JOAN VENNOCHI
For Brown, a perplexing connection
In light of his sexual abuse revelation, why did he back Jeff Perry?
SENATOR SCOTT Brown’s revelations about a childhood that included sexual assault by a summer camp counselor are genuinely sympathy-inducing.
But, they also make you wonder: in light of this searing experience when he was 10, how could Brown endorse Jeff Perry, the Republican congressional candidate, who, in 1991, allegedly stood by as a 14-year-old girl was sexually assaulted by a fellow police officer?
The victim, Lisa Allen, came forward during the race that Perry ultimately lost and said that Perry “had to hear my screaming and crying. Instead of helping me, Jeff Perry denied anything happened.’’
It’s an eerie echo of the personal trauma Brown reveals in his book, “Against All Odds.’’ As he tells “60 Minutes’’ correspondent Lesley Stahl, he never went to police or any authority — and told no one, not even his mother — because his abuser told him: “If you tell anybody, you know, I’ll kill you. I will make sure that no one believes you.’’
Adds Brown in the interview that will be aired tonight: “When people find people like me at that young vulnerable age, who are basically lost, the thing that they have over you is, they make you believe that no one will believe you.’’
Despite his own horrific experience, Brown still chose to believe Perry over Allen; or, if he didn’t believe him, he still backed him for an important political position. Given that Brown is the father of two daughters, his loyalty to Perry was always curious. The revelations in his book make it even odder. In response, Brown said there is “no correlation’’ between his story and Allen’s and it is “really inappropriate’’ to link them.
Brown’s candor about his own past won instant praise from victims of child sex abuse and their advocates. It sends a powerful message to others who suffered abuse, they said.

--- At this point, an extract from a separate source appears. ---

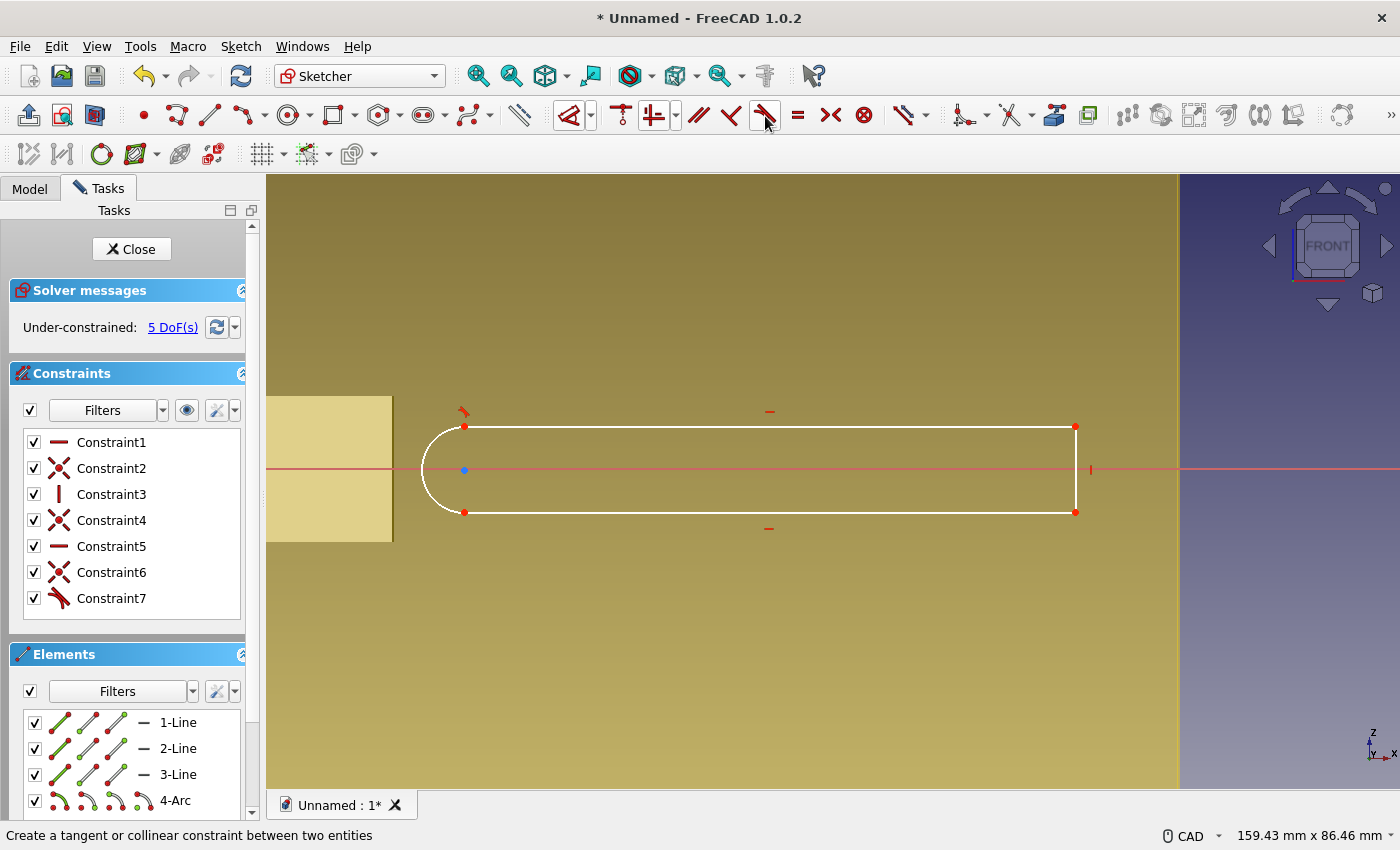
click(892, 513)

Five years ago, Brown was among supporters of a state bill that extended the period of time in which a victim of sex abuse could file charges against a perpetrator. He called sexual abuse the “number one public safety issue affecting us here in the Commonwealth,’’ according to the State House News Service. He also cosponsored a federal bill that would limit the ability of those convicted of sex abuse from working in a variety of settings. When Brown was running for US Senate, he and Democratic opponent Martha Coakley said they would ask Cardinal Sean P. O’Malley to release the names of all priests in the archdiocese who were credibly accused of sexual abuse. (Only one legislator, former state senator Marian Walsh, called for Cardinal Bernard F. Law to be prosecuted when the clergy abuse scandal rocked the Boston Archdiocese.)
Brown’s book is perfectly timed, from both marketing and political standpoints.
His dramatic disclosures overshadow those of Governor Deval Patrick, whose new book, “A Reason to Believe,’’ addresses race issues and his wife’s depression. And Brown’s book puts the Massachusetts senator back in the spotlight just as talk about the 2012 Senate race starts heating up.
Brown’s tough childhood was a general part of the narrative when he won the Senate seat held for decades by Ted Kennedy. But his pickup and semi-nude Cosmopolitan photo spread got most of the attention.
In his book, which goes on sale tomorrow, he also reveals that it took two photo shoots to get the famous 1982 centerfold. The first time, “I looked pale and I wasn’t physically toned; I probably needed to lose 10 pounds,’’ he wrote. When he returned after a crash diet of three cans of tuna a day, “I was bronzed and toned.’’
Even Brown’s glamour shot has an “everyman’’ story behind it, leading to this question for Massachusetts Democrats: can anyone beat Brown?
Democrats still find it hard to accept that Kennedy’s seat went to a Republican who brilliantly rechristened it “the people’s seat.’’
Now, Brown will be collecting new accolades for bravery. Given Patrick’s tome, it’s hard to tag him as uniquely opportunistic.